I was at a party last night with all these Johns Hopkins oncologists. (I did not crash; I was invited. I brought apple granola as a hostess gift, even though Charlie was the one who took the afternoon off from curing cancer to make the super yummy white sauce lasagna.) But so anyway, apropos (maybe) of your last post, I got to talking to these folks, and they were really nice and humane and I liked how they talked about their kids and they were enjoying the wine, and everything like that. And then in three of these conversations it became clear, to me, that what they were casually doing was working out this argument that the practice of medicine can be largely replaced with a series of algorithms or logic shrubberies or something. That in a way the doctor doesn't even need to be present.
Which I don't dig, because it seems--as I stupidly said with my actual mouth in the first conversation rather than by tensing my shoulders or looking momentarily ceilingwards as I ought to have--like a defense of the practice of spending five minutes with a patient, locating them (the plural pronoun as a gender-neutral will prevail, so let's just practice getting over it) on the appropriate logic shrubbery and heading to the next roomlet to avoid eye-contact with the next (he or she or they, hope, still, despite waiting in this tiny room with the cross-section of the human throat and tongue and sinus emblazoned with the name of a pharmaceutical company and a copy of Red Book) patient by consulting the next chart. I'm willing to keep being patient if the doctors will keep practicing; otherwise, no. But so I said to the really nice and smart man who teaches Medical Inference--which is kind of awesome--I said, said I, that as undeniably useful as the statistical understanding of medical causality is, long may it ride, statistical understanding also seems like the cause of lots of missed or partial diagnoses, and it also seems a philosophical defense of spending only five minute with your patient because, after all, for purposes of healing they're just a set of symptoms to be divided as neatly as possible from the total set of personal phenomena.
He seemed a little hurt by that. Do I get to get hurt if someone suggests that most education is actually dyseducation? I sort of wish that people would say that to me more often. And of course I hadn't meant to be aggressive, although clearly I was a little, at this party with the multiple yummy lasagnas and the Chiantis that didn't change my mind about Chianti and the talk of children.

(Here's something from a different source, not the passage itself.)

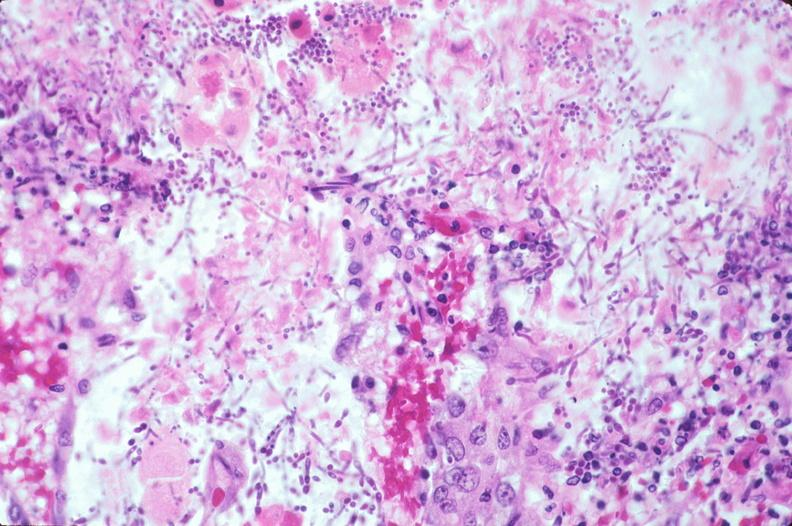where is this from?
Answer the question using a single word or phrase. Gastrointestinal system 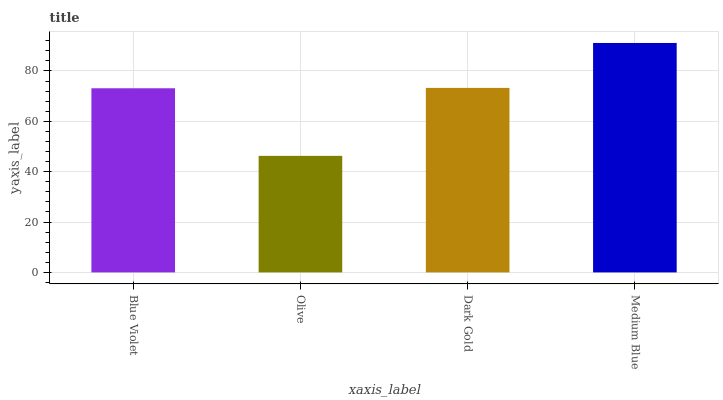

But so a couple things. One is that it seems like a problem if long practice and even deep competence make us skip the first step of open observation. Not scanning for the most obvious things but allowing the senses a moment of soft focus to see what might constellate in that moment: maybe something orbiting around something else in a wholly unexpected way. Maybe the answer to a question one hadn't even consciously framed. Number two is this: we're basically herd animals, and although it's hard to see, we spend a ton of time and energy achieving consensus. We're pushing each other around or running the personal edition of the deep-consensus software all the freeriggin' time. The fact that I can't spell consensus but change it when the spellcheck thingy tells me to is the tip of the assberg. (There goes my neighbor Rob in dad jeans. These are not the right jeans. And so forth. Serious, those jeans don't look good, and his hat is pulled own too far, and what's he going to do with that folding chair?) These good people were standing around at the nice party telling me politely to believe a particular thing about the medical product I'm supposed to gratefully buy.
So much militates against the sort of openness you're describing. But I think that something like What Is Perceptible When You're More Open to Data That You've Ever Been Before is my version of God at the moment.
So I never got to Wichita Mind Control. It was Bruce Conner's phrase for the feeling when he first sat listening to Harry Smith's deeply weird and centripetal Anthology of American Folk Music in the Wichita public library. For the first time, he said, " I was sure something was going on in the country besides Wichita mind control.” Statistically, in some distant galaxy a Sophia Lauren who will never leave Rome is making an unheard-of type of lasagna with a vegetable that tastes like chlorophyll butter and the smell of ambergris. A 14 year-old Keith Richards is fiddling with the dial of his radio at 2AM to hear Muddy Waters through the staticky surf of G.I. radio. And a doctor is sitting down to an excellent meal in expectation of a two hour conversation during which he will seldom speak.